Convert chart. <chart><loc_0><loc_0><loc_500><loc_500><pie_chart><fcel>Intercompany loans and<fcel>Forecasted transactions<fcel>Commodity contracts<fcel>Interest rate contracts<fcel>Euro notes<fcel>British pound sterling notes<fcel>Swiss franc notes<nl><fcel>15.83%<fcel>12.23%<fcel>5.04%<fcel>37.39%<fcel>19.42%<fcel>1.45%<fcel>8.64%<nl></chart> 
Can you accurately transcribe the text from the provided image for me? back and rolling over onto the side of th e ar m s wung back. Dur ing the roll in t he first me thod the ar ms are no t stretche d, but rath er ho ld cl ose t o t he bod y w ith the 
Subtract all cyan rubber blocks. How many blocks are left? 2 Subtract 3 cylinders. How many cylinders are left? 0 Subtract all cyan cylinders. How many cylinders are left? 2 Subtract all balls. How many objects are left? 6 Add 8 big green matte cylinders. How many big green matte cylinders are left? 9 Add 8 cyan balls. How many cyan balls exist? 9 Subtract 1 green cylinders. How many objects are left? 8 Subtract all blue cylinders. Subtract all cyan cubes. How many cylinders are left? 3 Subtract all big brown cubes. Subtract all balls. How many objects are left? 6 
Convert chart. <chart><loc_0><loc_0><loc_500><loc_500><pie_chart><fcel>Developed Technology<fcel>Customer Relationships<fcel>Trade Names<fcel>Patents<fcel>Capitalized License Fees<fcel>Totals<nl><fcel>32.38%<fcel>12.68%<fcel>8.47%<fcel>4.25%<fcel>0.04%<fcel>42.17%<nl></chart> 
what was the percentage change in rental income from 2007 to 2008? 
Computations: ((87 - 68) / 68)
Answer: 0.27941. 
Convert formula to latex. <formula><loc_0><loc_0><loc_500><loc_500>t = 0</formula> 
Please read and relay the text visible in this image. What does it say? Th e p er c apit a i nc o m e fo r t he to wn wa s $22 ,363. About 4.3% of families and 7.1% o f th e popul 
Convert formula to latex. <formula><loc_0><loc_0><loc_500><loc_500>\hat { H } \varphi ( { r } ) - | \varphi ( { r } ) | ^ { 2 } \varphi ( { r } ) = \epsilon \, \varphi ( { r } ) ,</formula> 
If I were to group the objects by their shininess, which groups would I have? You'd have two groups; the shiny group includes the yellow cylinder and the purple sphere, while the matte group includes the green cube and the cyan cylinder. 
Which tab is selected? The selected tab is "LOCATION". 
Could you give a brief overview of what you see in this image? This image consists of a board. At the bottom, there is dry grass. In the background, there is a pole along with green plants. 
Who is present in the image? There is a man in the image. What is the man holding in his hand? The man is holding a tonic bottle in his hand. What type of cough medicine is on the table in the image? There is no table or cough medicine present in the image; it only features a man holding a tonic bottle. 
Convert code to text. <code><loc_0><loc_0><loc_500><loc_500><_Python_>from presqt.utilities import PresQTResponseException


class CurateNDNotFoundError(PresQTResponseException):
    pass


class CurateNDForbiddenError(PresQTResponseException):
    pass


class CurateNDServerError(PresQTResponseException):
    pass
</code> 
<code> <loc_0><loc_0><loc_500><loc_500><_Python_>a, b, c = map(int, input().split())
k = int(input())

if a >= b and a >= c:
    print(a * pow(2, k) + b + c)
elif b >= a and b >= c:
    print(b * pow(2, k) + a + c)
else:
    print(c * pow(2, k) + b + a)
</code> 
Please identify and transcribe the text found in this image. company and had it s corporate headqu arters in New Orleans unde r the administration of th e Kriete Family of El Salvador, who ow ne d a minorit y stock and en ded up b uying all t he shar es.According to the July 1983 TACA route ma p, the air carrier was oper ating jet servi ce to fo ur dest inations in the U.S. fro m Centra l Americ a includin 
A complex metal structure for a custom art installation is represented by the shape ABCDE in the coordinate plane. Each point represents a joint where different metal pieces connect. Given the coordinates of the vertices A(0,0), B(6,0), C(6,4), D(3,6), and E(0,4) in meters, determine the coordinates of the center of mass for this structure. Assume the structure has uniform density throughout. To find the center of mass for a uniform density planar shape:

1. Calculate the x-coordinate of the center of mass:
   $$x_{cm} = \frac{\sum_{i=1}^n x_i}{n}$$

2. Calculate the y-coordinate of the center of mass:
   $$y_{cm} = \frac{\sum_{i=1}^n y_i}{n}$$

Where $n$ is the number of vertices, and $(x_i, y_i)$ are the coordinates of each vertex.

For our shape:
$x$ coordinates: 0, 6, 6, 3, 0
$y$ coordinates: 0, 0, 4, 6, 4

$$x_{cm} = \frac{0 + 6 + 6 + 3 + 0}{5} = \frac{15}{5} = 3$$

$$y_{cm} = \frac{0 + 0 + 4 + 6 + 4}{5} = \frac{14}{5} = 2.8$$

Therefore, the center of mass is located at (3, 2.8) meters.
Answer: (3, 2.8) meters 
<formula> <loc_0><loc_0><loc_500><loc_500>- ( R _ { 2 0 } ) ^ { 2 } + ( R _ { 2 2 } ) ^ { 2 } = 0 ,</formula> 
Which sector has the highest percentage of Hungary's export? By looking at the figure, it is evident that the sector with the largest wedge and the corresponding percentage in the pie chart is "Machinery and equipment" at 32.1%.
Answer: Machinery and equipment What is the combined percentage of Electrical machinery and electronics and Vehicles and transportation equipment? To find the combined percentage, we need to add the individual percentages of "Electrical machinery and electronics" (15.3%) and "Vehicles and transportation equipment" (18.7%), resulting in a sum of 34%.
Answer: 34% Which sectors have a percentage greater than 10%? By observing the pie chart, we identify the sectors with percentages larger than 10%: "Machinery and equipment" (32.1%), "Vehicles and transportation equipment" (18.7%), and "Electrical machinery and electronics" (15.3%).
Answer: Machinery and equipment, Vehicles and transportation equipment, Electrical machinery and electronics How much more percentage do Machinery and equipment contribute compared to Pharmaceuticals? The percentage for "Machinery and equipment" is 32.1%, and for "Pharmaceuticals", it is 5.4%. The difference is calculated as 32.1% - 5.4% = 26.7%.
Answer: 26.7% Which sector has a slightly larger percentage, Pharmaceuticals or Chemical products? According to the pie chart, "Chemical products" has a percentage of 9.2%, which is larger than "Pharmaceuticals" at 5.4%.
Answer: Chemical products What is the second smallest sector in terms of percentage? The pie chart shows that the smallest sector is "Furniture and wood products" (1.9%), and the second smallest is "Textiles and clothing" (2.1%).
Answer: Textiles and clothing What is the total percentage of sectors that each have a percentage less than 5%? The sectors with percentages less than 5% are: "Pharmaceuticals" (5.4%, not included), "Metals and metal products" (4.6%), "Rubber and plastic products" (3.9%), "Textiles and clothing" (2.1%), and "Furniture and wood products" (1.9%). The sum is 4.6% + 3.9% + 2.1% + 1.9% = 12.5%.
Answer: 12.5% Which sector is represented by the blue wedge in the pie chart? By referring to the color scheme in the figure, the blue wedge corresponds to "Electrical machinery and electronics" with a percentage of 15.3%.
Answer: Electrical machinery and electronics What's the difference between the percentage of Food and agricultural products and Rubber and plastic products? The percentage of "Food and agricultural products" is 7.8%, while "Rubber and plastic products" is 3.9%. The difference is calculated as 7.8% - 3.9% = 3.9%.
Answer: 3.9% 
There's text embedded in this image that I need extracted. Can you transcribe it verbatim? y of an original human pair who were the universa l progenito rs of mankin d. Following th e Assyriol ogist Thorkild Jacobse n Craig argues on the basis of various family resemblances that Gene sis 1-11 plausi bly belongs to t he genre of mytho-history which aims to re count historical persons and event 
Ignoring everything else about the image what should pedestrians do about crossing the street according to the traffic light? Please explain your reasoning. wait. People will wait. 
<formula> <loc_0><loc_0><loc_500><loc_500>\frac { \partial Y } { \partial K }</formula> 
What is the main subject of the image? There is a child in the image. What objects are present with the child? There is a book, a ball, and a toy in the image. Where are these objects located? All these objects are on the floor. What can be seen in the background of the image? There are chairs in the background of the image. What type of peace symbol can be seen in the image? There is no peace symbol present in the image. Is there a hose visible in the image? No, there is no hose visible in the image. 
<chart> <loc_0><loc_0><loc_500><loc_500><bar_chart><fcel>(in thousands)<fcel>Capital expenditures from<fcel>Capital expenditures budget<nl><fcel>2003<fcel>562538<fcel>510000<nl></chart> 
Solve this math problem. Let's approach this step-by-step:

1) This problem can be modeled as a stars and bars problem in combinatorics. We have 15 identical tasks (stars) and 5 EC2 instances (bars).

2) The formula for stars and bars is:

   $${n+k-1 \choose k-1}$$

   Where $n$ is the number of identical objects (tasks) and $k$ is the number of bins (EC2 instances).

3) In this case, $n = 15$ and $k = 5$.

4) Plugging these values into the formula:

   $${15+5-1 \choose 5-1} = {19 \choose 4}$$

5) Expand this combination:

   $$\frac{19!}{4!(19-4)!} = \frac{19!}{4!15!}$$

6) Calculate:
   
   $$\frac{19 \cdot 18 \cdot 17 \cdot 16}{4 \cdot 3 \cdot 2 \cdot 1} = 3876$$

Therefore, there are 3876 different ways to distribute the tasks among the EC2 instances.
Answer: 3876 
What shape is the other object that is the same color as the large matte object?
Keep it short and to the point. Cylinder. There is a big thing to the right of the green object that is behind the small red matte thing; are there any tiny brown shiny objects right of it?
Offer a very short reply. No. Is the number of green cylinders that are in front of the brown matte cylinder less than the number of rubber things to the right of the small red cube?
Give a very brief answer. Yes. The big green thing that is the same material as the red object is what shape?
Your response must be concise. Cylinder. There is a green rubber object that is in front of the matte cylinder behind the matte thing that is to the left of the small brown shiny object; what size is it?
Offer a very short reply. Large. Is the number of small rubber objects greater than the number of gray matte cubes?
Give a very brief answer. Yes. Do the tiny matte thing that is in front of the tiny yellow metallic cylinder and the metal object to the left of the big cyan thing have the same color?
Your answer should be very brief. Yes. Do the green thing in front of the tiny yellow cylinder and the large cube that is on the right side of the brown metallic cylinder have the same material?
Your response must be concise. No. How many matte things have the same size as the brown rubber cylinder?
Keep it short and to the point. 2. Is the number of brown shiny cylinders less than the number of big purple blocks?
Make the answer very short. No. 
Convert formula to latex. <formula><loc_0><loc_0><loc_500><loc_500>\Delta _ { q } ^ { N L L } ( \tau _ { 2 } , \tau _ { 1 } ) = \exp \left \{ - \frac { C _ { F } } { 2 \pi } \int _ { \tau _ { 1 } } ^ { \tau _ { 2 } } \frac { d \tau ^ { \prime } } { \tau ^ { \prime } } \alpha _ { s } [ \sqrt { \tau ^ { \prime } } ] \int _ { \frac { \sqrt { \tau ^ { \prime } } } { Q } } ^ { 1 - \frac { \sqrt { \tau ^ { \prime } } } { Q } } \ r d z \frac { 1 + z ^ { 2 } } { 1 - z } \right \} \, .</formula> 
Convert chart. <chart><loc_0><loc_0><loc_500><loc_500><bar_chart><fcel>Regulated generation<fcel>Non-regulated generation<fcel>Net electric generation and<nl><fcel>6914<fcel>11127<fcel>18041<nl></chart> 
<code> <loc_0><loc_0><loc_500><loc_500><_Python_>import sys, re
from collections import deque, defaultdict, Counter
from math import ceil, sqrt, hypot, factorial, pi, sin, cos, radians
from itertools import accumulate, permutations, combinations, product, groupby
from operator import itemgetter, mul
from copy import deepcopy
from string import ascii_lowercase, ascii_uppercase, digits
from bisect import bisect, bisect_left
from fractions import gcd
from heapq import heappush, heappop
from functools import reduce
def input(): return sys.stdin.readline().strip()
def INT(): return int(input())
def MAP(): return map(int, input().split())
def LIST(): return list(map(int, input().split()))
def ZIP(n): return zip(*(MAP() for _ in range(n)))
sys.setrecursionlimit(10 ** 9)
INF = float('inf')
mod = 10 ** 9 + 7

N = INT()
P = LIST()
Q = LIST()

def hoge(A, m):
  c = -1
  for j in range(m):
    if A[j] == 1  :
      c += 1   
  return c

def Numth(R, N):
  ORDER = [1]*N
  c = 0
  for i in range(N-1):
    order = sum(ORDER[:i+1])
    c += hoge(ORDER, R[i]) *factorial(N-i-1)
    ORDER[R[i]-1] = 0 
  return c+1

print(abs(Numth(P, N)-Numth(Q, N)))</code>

▸ AIM OF THE EXERCISE
Quote only the stretch of lines that starts the data above and ends with the line containing "Can you accurately", both included.

▸ ANSWER TO THIS EXERCISE
Convert chart. <chart><loc_0><loc_0><loc_500><loc_500><pie_chart><fcel>Intercompany loans and<fcel>Forecasted transactions<fcel>Commodity contracts<fcel>Interest rate contracts<fcel>Euro notes<fcel>British pound sterling notes<fcel>Swiss franc notes<nl><fcel>15.83%<fcel>12.23%<fcel>5.04%<fcel>37.39%<fcel>19.42%<fcel>1.45%<fcel>8.64%<nl></chart> 
Can you accurately transcribe the text from the provided image for me? back and rolling over onto the side of th e ar m s wung back. Dur ing the roll in t he first me thod the ar ms are no t stretche d, but rath er ho ld cl ose t o t he bod y w ith the 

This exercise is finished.